Counterintuitively, the representational shifts at a rapid test pace were in the atypical direction. Previous research on categorical knowledge effects on memory mostly suggests that if memory is altered systematically from the original percepts it should be in a prototypical direction (e.g., Heit, 1997). Categories serve to generalize our knowledge and to highlight similarity among distinct exemplars. What purpose could be served by atypical shifts? While we will not claim to have a final answer to this question, we speculate that it is related to perceptual expertise processes.

A domain where a similar atypical representational shift has been found is in recognition of faces. This has been called a distinctiveness effect (Rhodes et al., 1987). Participants were faster to recognize exaggerated faces over the original facial proportions that were in turn recognized faster than more generic versions of the faces. The authors argued the most distinctive features of a face are what are encoded into memory with the more generic portions not encoded as strongly. Gist memory (Reyna and Brainerd, 1995) can be used to fill in the representation. When a person then goes to use the encoding to recognize a face, the exaggerated face matches the distinctive features better than the true face.

Hue is much less complex than faces—just a single dimension of a single feature—and yet, we found a similar bias away from the prototype. Rather than encode the one feature veridically, participants appear to have encoded a shifted hue. Perhaps the mechanism that underlies the caricature effect is a magnification of the atypical effect we observed through multiple features all moving atypically. While the details of how this one feature case relates to the more complex case of faces is unclear, our results call into question the explanation that we simply encode the distinctive features of a face as they are without the more generic aspects to achieve an exaggerated encoding.

There has been a long debate over whether faces are in some way special in object processing (Farah, 1996; Kanwisher et al., 1997; Toveé, 1998; Gauthier and Logothetis, 2000; McKone et al., 2007). The majority of humans, those without a specific deficit called prosopagnosia, are considered to be experts at facial recognition. On the domain general, expertise explanation of face processing effects, visual object domains other than faces such as cars and birds can be processed in similar ways with experience (Gauthier et al., 2000). Bukach et al. (2006) advocated the use of an expertise framework to understand category specialization. Colors are generally associated with a basic level of categorization (Berlin and Kay, 1969; Rosch, 1975). When forced by a task to make fine subordinate distinctions, a different strategy appears to emerge. Movement in the atypical direction in our experiments was relative to basic categories. Perhaps the fine-grained categorization process is overcompensating for a more natural generalization and homogenization process that occurs when the participant is functioning at the basic category level. The detailed memory of hue demanded of participants in this task was not a typical activity. But for faces, fine-grained distinctions are a basic need. This may indicate that expert processing techniques can be flexibly recruited in real-time to a task and do not depend exclusively on trained distinction making within a domain.

Online Role of Labels

While the prototypical shifts predicted by the representational shift hypothesis were not found and the mechanism underlying the shifts proposed by that hypothesis was not supported, the larger framework of the label-feedback hypothesis (Lupyan, 2012) is not something we are looking to challenge. In the label-feedback hypothesis, language is a pervasive online influence on cognition in the tradition of Whorf (1956). Language is an inherent part of the complex multidimensional system of the normal human adult mind, not something that is switched on and off depending on the task. Instead, labels serve to up-regulate the influence of linguistic knowledge online while verbal interference down-regulates that influence.

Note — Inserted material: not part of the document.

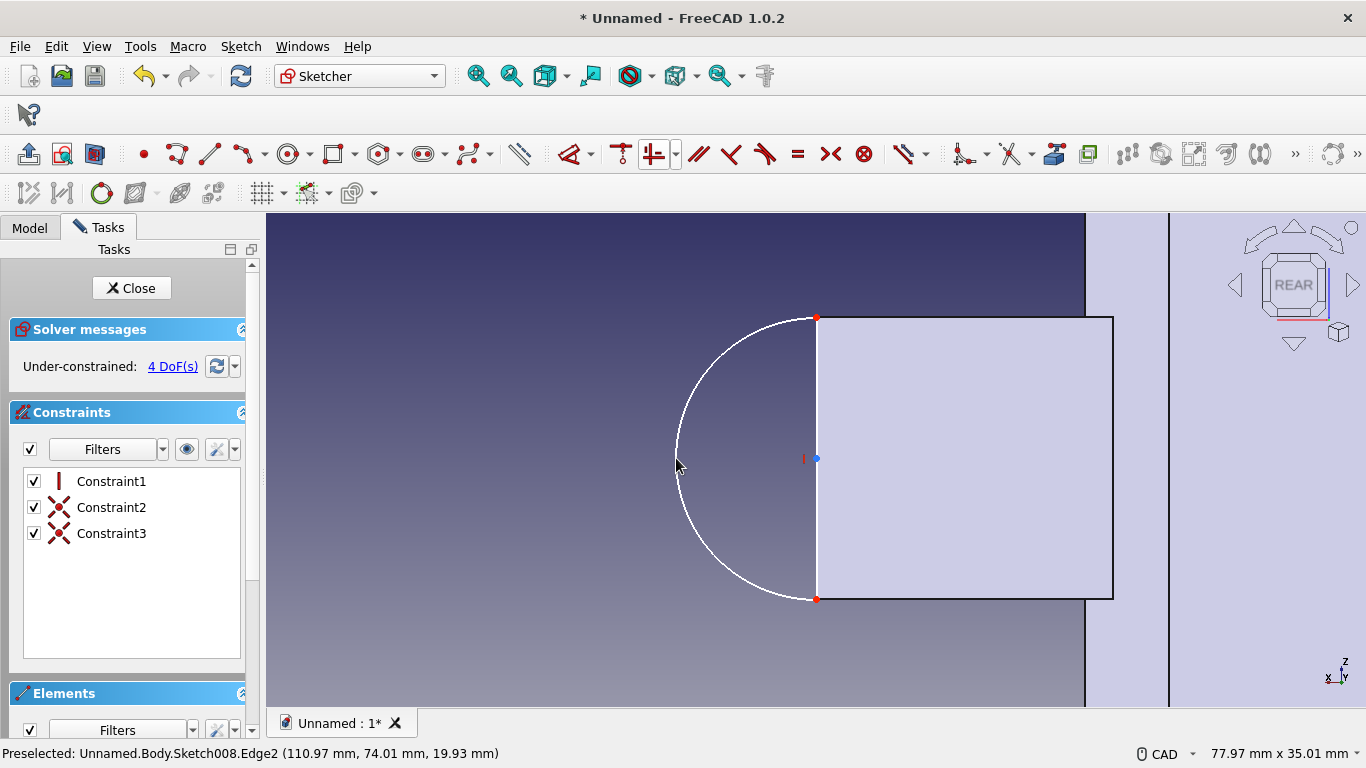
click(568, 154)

One interpretation of the current results would be compatible with the label-feedback hypothesis. Namely, the influence of the labels on memory occurs online and serves to increase the sensitivity of an individual's ability to detect change in the labeled category. In this account, the up-regulation of language's influence in the labeled case allows processing to focus in on the hue resulting in more accurate memory. Sloutsky (2003) discussed the role labels have in directing attention during category learning to relevant similar features among items in a labeled category. Extending the logic from learning to use of learned categories, if labels are features of the category, invoking them will draw attention to the dimension(s) on which the category similarity and distinctions are judged. While labeling did not have the effect of pulling items toward the category prototype in this task, labeling could have a more general modulating influence on encoding.

An alternative explanation could be somewhat consistent with the label-feedback hypothesis but from the opposite direction. The basic categories of color could be essentially automatic (Grill-Spector and Kanwisher, 2005) having language's influence close to ceiling. The preference judgments may serve to distract processing from reaching the level of depth it naturally would regardless of the color label because preference valence needs to be the focus of directed attention (Simons, 2000). Preference judgments would be down-regulating the influence of linguistic category knowledge.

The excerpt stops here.